Outdoor muscles in on ad revenue

Poster companies are taking record advertising revenue, thanks to better accountability, consolidation of ownership within the industry and, as TV audiences fragment, increased presence as a medium.

Poster companies are having a good time. Last week TDI, the UK’s largest transport advertising company, announced a 28 per cent increase in turnover for the first half of 1996. It was the third poster company to announce such good results.

Last month, Maiden’s first results as a public company showed turnover up 77 per cent, partly thanks to an acquisition. The More Group also announced a big turnover increase – 28 per cent – in the first half of the year.

The poster industry expects to take a six per cent share of the national advertising cake this year for the first time. Mills & Allen is reporting 31 per cent growth in revenues.

The industry points to a number of different reasons for its rude health.

One is the new Postar research system which was launched earlier this year with the intention of making the audiences ascribed to posters so accurate that campaigns could be bought by audience rather than by panel.

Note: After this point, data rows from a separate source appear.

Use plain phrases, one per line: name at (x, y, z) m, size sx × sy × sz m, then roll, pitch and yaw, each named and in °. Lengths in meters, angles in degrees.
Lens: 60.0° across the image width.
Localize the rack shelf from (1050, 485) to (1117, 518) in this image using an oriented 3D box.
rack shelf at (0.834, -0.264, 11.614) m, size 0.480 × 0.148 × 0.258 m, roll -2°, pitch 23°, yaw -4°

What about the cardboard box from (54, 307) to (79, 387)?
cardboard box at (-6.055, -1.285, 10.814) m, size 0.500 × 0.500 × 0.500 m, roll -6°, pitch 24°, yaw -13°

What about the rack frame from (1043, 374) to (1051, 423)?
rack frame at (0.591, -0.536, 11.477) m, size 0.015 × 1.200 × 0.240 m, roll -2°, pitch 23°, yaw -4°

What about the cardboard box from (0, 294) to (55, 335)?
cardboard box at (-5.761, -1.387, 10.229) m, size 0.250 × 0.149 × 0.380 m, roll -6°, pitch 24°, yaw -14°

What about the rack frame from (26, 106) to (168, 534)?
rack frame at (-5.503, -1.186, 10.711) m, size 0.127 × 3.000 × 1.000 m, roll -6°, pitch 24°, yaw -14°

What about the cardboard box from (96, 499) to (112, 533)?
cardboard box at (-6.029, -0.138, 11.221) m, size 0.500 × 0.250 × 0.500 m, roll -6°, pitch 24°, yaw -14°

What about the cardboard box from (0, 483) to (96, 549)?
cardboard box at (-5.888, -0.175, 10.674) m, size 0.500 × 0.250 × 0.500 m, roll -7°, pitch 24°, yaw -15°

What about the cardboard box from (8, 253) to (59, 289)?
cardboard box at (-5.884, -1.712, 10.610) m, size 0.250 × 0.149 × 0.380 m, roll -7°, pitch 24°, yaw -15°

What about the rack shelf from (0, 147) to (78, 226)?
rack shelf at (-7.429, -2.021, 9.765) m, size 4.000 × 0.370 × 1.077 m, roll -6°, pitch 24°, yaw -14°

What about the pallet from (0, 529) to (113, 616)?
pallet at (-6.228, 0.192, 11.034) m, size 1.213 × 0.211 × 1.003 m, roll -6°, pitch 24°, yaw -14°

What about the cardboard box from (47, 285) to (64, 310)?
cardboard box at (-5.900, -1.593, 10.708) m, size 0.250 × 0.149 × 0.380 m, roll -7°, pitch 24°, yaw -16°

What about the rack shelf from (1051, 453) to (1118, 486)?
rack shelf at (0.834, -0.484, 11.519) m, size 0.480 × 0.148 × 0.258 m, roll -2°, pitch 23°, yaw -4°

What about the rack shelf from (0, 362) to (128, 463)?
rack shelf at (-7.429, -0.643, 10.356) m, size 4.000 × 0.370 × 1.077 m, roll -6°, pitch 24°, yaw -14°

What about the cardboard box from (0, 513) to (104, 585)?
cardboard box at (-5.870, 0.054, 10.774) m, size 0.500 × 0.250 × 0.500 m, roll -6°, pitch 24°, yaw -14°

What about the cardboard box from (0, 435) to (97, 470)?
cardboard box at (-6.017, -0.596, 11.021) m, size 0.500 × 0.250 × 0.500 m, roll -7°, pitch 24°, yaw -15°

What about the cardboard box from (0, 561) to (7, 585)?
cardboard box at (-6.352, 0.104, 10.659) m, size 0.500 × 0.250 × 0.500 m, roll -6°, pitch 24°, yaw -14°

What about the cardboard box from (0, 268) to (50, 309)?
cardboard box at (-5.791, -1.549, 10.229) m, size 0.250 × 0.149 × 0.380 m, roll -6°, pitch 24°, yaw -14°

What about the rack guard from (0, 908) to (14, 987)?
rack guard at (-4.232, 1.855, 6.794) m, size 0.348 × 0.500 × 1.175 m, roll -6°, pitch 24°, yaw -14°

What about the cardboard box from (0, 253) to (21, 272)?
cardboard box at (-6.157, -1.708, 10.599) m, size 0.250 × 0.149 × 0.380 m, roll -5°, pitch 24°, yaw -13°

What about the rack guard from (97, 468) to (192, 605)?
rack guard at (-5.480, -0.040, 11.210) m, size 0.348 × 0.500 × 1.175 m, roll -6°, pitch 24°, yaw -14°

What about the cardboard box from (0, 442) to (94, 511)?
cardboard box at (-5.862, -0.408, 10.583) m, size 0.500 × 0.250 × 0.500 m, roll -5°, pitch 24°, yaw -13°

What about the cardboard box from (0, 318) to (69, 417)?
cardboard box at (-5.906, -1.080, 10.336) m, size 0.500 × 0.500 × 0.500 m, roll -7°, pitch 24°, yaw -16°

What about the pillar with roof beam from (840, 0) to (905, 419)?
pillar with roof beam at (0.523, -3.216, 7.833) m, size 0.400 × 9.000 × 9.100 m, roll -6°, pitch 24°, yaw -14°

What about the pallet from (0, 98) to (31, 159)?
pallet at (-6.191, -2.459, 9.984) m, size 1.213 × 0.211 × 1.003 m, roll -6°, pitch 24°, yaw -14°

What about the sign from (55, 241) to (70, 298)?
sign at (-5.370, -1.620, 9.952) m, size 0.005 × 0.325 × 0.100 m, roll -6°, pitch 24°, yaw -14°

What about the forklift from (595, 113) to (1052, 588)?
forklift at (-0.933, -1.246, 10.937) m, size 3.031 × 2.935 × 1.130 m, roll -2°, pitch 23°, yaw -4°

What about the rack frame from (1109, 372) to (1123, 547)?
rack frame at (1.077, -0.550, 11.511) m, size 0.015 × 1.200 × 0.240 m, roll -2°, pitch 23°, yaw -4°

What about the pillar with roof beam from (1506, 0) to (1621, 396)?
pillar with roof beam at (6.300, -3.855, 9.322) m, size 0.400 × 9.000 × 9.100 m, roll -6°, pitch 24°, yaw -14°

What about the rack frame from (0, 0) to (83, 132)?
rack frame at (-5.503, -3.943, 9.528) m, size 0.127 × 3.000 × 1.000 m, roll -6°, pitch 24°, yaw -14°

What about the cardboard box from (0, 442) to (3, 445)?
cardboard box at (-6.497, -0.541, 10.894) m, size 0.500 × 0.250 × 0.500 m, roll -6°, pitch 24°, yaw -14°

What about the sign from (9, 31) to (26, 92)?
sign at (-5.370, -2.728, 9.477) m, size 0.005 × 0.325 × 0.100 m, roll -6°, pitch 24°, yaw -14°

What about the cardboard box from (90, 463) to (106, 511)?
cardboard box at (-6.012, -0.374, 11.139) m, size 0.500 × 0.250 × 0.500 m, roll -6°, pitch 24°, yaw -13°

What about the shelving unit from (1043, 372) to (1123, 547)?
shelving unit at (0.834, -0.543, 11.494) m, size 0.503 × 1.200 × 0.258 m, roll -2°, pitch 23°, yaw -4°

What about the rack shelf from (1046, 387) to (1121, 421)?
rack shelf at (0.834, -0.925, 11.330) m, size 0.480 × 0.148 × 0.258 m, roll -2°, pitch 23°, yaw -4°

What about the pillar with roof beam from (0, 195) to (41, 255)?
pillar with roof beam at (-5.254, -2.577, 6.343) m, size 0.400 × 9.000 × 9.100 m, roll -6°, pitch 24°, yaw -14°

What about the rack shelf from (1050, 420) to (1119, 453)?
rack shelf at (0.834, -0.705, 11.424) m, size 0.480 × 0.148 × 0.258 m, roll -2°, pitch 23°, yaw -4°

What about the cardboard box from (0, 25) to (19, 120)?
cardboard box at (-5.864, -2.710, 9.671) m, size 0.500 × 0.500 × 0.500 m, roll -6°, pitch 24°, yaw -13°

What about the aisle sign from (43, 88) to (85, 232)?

In fact, with the exception of three new packages being launched in April by Adshel, none of the contractors have started to sell their posters by audience instead of by number of posters. Postar has so far simply helped to update the quality ratings and audience figures of poster sites. This aids the accountability of the medium in selling it to clients, but the predicted revolution in the industry is a year or more off yet.

More important is the consolidation of ownership in the industry. This has put a bigger chunk of the market under the control of large companies with access to better management and more investment.

This, in turn, has led to product innovations and marketing initiatives that have been used to drive out the commodity aspect of the industry and create premium-priced products.

Most important of all is a cliché that looks like coming true. For years the poster industry’s refrain has been that the fragmentation of TV audiences would leave it as the only broadcast medium. The growing strength of BSkyB, ITV’s periodically wavering audience figures and the advent of Channel 5 next year, are starting to make that wish a reality.

At the moment, outdoor is not replacing TV, but instead is being used in conjunction with it to boost the coverage of a TV campaign or to delay its “decay” in people’s minds.

The change in the use of posters with TV has been quite dramatic. According to research by poster specialist Concord in 1991, 35 per cent of the top 200 TV advertisers used outdoor. In 1995 that figure had risen to 72 per cent.

“We are selling the added benefit of being the glue in the multi-media mix,” says Francis Goodwin, managing director of Maiden Roadside. “We hit the gaps in the upmarket coverage needed for TV.”

As well as planning for the gaps in ITV, outdoor is benefiting from TV starting to be used in a more targeted fashion.

“A very common media mix now is Channel 4, satellite TV and posters,” says Alan Simmons, managing director of Concord. “As agencies are increasingly doing a selective job on TV, they use posters to give their initial launch campaign impetus. If the TV is really niche, advertisers will often use a burst of posters to let the trade know they are advertising.”

The use of posters as an extension to a TV campaign does have its dangers: “We do, to a certain extent, rely on the health of TV,” says Goodwin. “If prices were falling on TV, it would inhibit our ability to raise our rates.”

The strength of the poster market leads some to believe that the major poster contractors have pushed their rates too hard. True inflation in the industry is difficult to judge because of the development of new products every year – most of them illuminated and premium priced. However, even prices for a standard, non-illuminated 48-sheet have risen by nine to ten per cent this year.

Some believe that as a consequence of this bullishness by poster contractors, demand in the fourth quarter of the year is a lot softer than expected.

“They have blown it a bit because of what they were asking for in the fourth quarter,” says Simmons. “They refused to give incentives to advertisers wanting to book early because they believed the gravy train would run until the end of the year.”

In fact, the fourth quarter of the year has for the past four years proved to be the hardest period to sell – the direct opposite of the way it was before the recession in the early Nineties. The two stalwarts of the old fourth quarter – tobacco and spirits – are in decline. Tobacco because of Government regulation, and the spirits sector now it has started moving onto TV instead.

The major contractors apparently have plans afoot to revive the fourth quarter, but seem to have left it too late this year. Hopefully, this is not because they have become too greedy.